5 Fakta Erebus, Gunung Berapi yang Berdiri di Dunia Beku Antartika

Perbedaan suhu ekstrim, puncak panas di tengah wilayah beku

Antartika adalah benua yang terletak di kutub selatan dan merupakan salah satu tempat paling dingin di bumi, bahkan lebih dingin dari kutub utara.

Dilansir National Geographic, lapisan es Antartika adalah satu-satunya massa es terbesar di dunia yang tebalnya dapat mencapai empat mil. Sembilan puluh persen es air tawar di planet ini ada di antartika dan itu berarti sekitar 70 persen dari total air tawar yang ada di bumi.

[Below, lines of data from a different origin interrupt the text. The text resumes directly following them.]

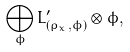Convert formula to latex. <formula><loc_0><loc_0><loc_500><loc_500>\bigoplus _ { \phi } L _ { ( \rho _ { x } , \phi ) } ^ { \prime } \otimes \phi ,</formula> 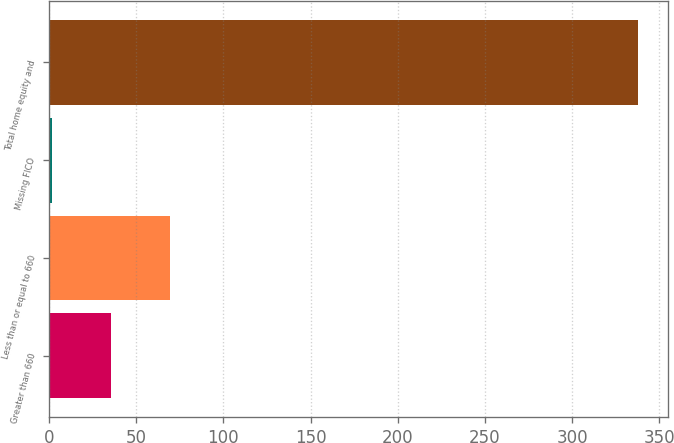Convert chart to OTSL. <chart><loc_0><loc_0><loc_500><loc_500><bar_chart><fcel>Greater than 660<fcel>Less than or equal to 660<fcel>Missing FICO<fcel>Total home equity and<nl><fcel>35.6<fcel>69.2<fcel>2<fcel>338<nl></chart> 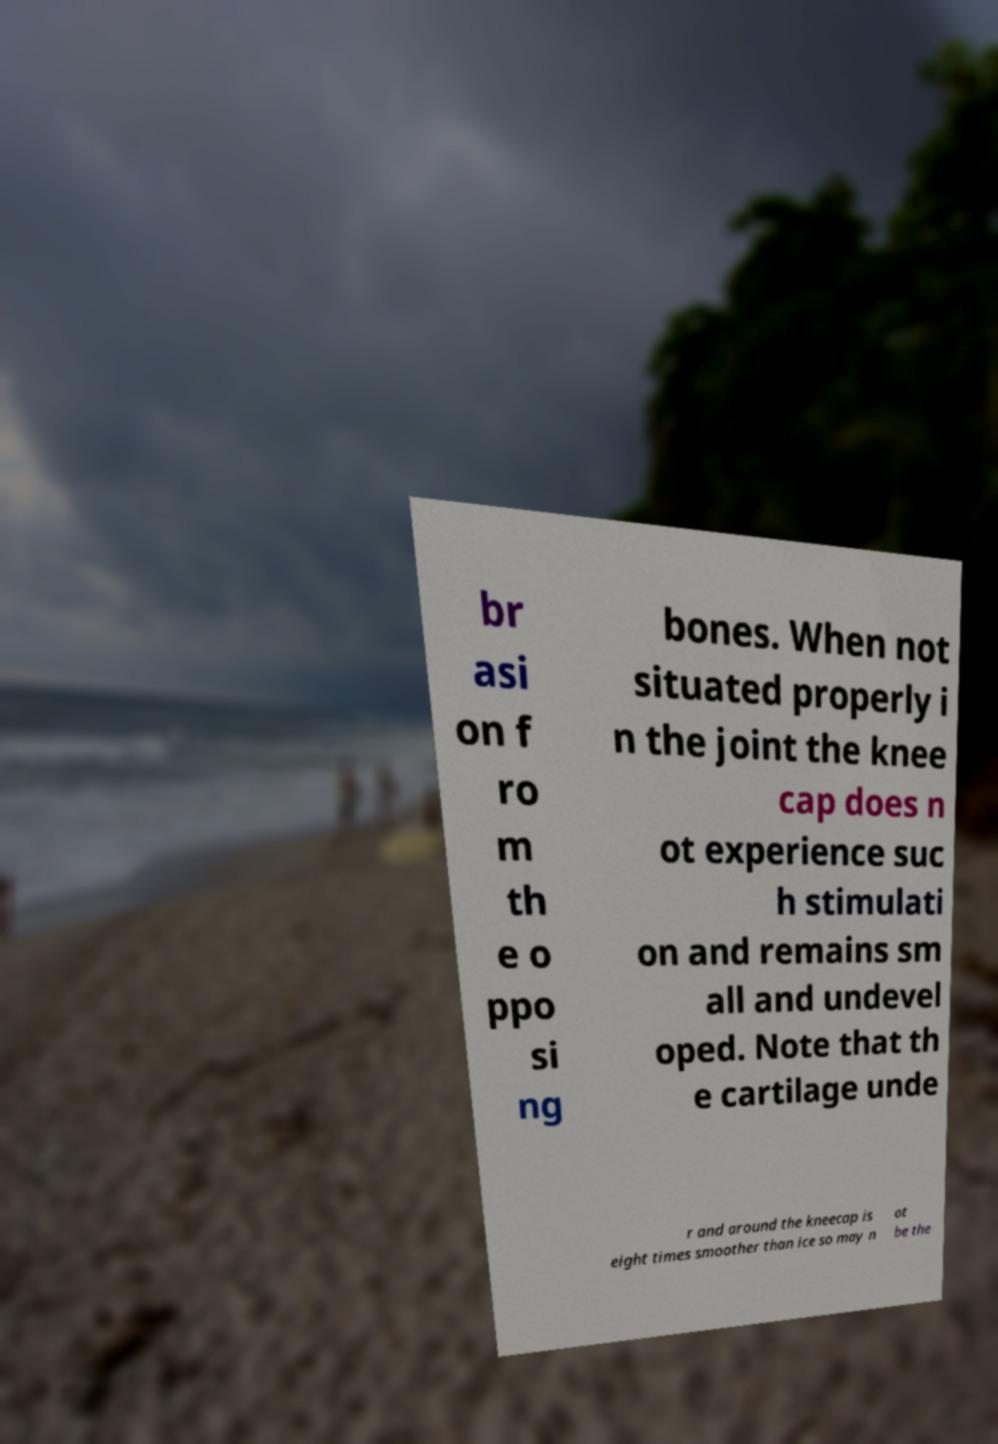There's text embedded in this image that I need extracted. Can you transcribe it verbatim? br asi on f ro m th e o ppo si ng bones. When not situated properly i n the joint the knee cap does n ot experience suc h stimulati on and remains sm all and undevel oped. Note that th e cartilage unde r and around the kneecap is eight times smoother than ice so may n ot be the

Walau merupakan dunia beku, ada tempat di mana lava panas selalu mengepul di Antartika. Ada beberapa gunung berapi di benua tersebut dan salah satunya adalah Gunung Erebus.

Gunung Erebus merupakan gunung berapi yang terletak paling selatan di dunia yang selalu mengepulkan uap dari lava panas. Apa saja fakta menarik lainnya tentang Gunung Erebus? Simak daftar berikut.

 

1. Gunung berapi paling aktif di Antartika

5 Fakta Erebus, Gunung Berapi yang Berdiri di Dunia Beku Antartikapotret kawah gunung Erebus (commons.wikimedia.org/User: Rémih . Public Domain)

Gunung berapi Erebus pertama kali ditemukan oleh penjelajah kutub bernama Sir James Clark Ross pada tahun 1841. Ross menamai gunung tersebut Erebus, sesuai dengan nama kapal miliknya.

Saat ditemukan, gunung tersebut tengah mengalami erupsi. Gunung Erebus adalah gunung terbesar dari 4 gunung berapi yang membentuk Pulau Ross, yang berbentuk segitiga. 

Gunung Erebus yang selalu aktif ini merupakan bagian dari Cincin Api Pasifik yang terdiri dari 160 gunung berapi aktif. Gunung ini juga salah satu gunung berapi yang paling aktif di dunia.

Erebus terus-menerus mengeluarkan erupsi dan melemparkan 'bom lava', yaitu gumpalan magma yang terlempar ke luar. Erebus juga mengalami ledakan besar, walau terjadi lebih jarang. 

 

2. Memiliki kolam lava

5 Fakta Erebus, Gunung Berapi yang Berdiri di Dunia Beku Antartikapotret danau lava di gunung Nyiragongo (commons.wikimedia.org/User: Caitjeenk)

Bukan hal yang aneh jika gunung berapi memuntahkan lava. Uniknya, tidak hanya memuntahkan lava, Gunung Erebus juga "mengumpulkan" lava dalam cekungan yang akhirnya membentuk kolam. Kolam lava merupakan fitur yang sangat langka.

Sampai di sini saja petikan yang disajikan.